When we got back to the house it was to find most of the lights turned low and Jocas asleep with a smile on his face; Benedicta had disappeared. The attendant drowsed on his upright chair. We made our uneven way back to the villa where we had been allocated rooms. Caradoc holding his lantern high examined the cracked plaster cherubs, the broken marble fireplaces, the litter on the dirty flags, with a sustained curiosity. I found a can
dlestick and lit it. Benedicta had been given a room to herself on the balcony side of the house. I had been allocated a sort of uncomfortable box-room. Though I was weary I found it difficult to sleep, I suppose because of the atrocious but heady black wine we had been sluicing. So I wrote a little letter to Benedicta—something to read when she woke up alone in bed. “Dear Benedicta, the whole point—why will you never grasp it?
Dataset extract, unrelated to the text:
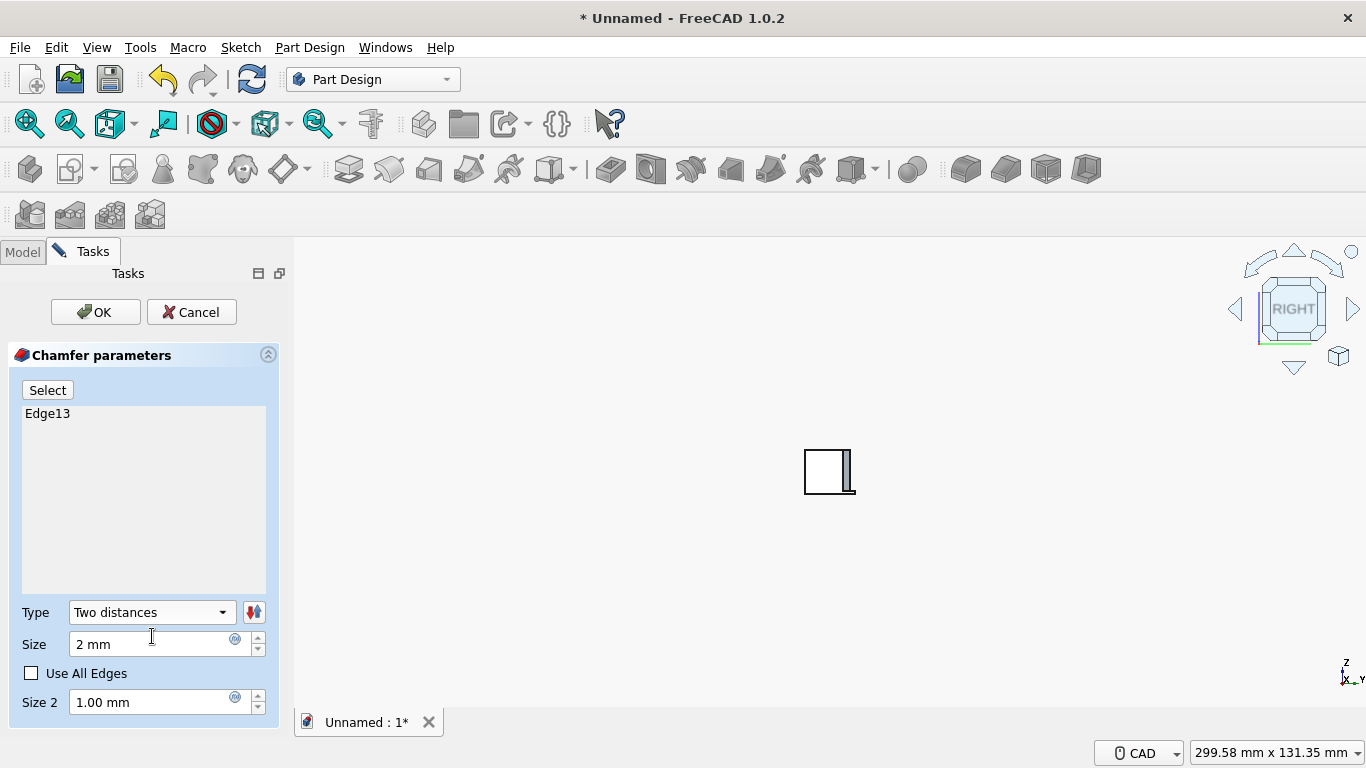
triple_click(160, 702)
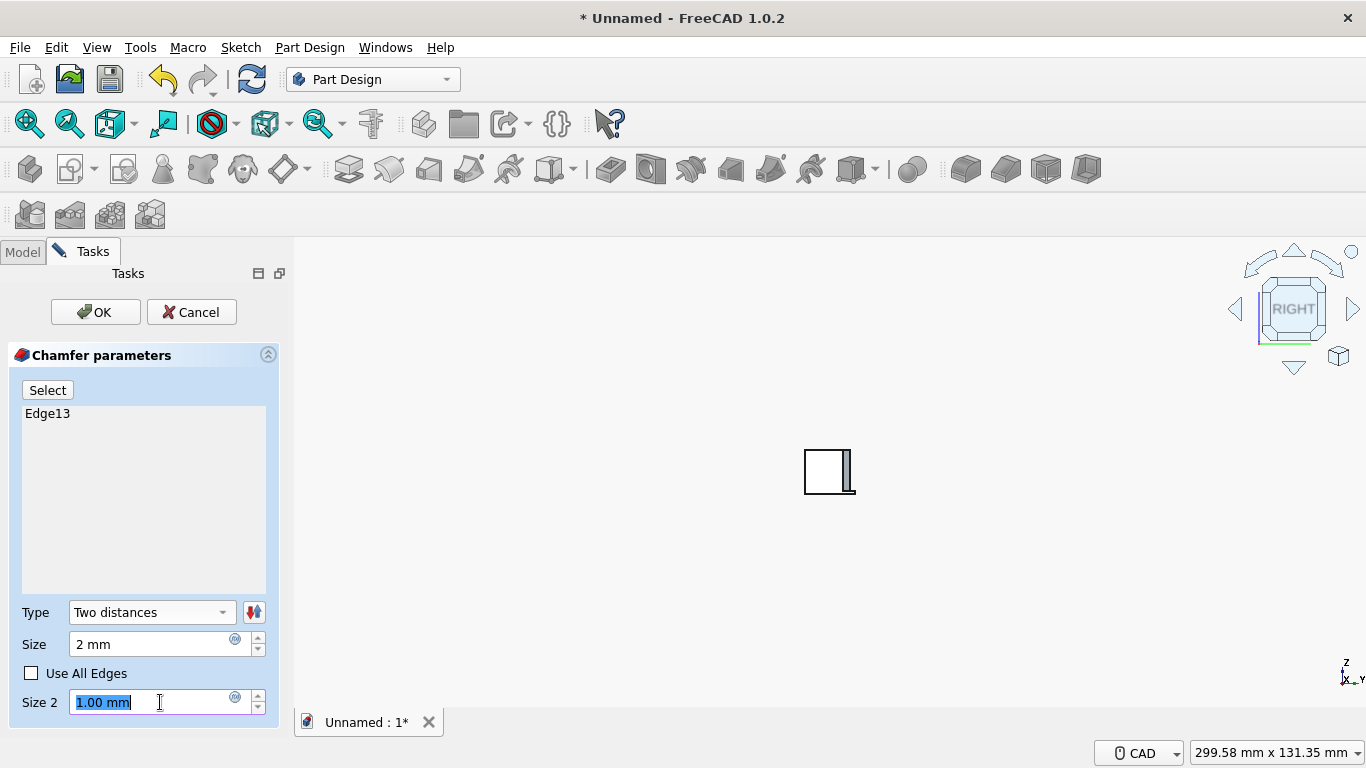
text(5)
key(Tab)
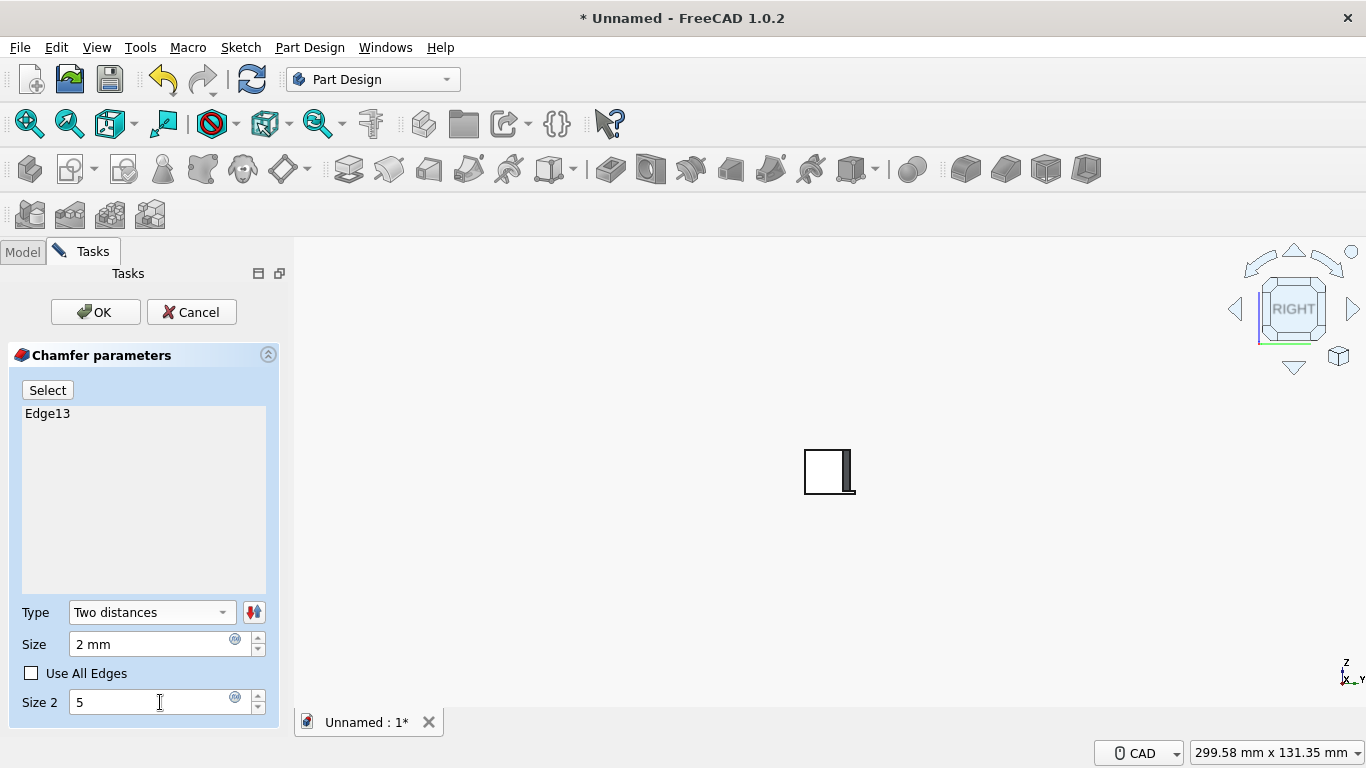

The whole point is that time gives birth to space. but space gives death to time. (The ancient liver mantic was an attempt to read forward into time—and it might have worked for them.) That is the only reason for my loving you—because you simply cannot grasp the meaning of causality in the new terms. I would add an equation or two but I am rather drunk and the light is bad. So I will content myself by warning you gravely about the perils of such homely ignorance. It saps the will and rots the cortex. Squinch. Felix.” I suppose it lacked warmth; and it certainly wasn’t what I intended to say when I took out my pencil. I pondered, and at last traced the missing component. My postscript read: “I would be quite willing to dismantle and abolish Iolanthe if you asked me to do so.”
An uneasy night of shallow dreams, bird noises, howling of dogs; but then I dozed off and slept quite a way into the morning. It was a dark and gloomy day with huge shaggy clouds hanging motionless over everything; the gulf was the colour of gunmetal. Beside my bed I found the response to my letter of the night before. “It’s my job now to see that you do what you feel you must. Anything else would be fatal to both of us. I must say you are an awful fool, which is consoling in a hopeless sort of way. Meet me at Eyub at four.”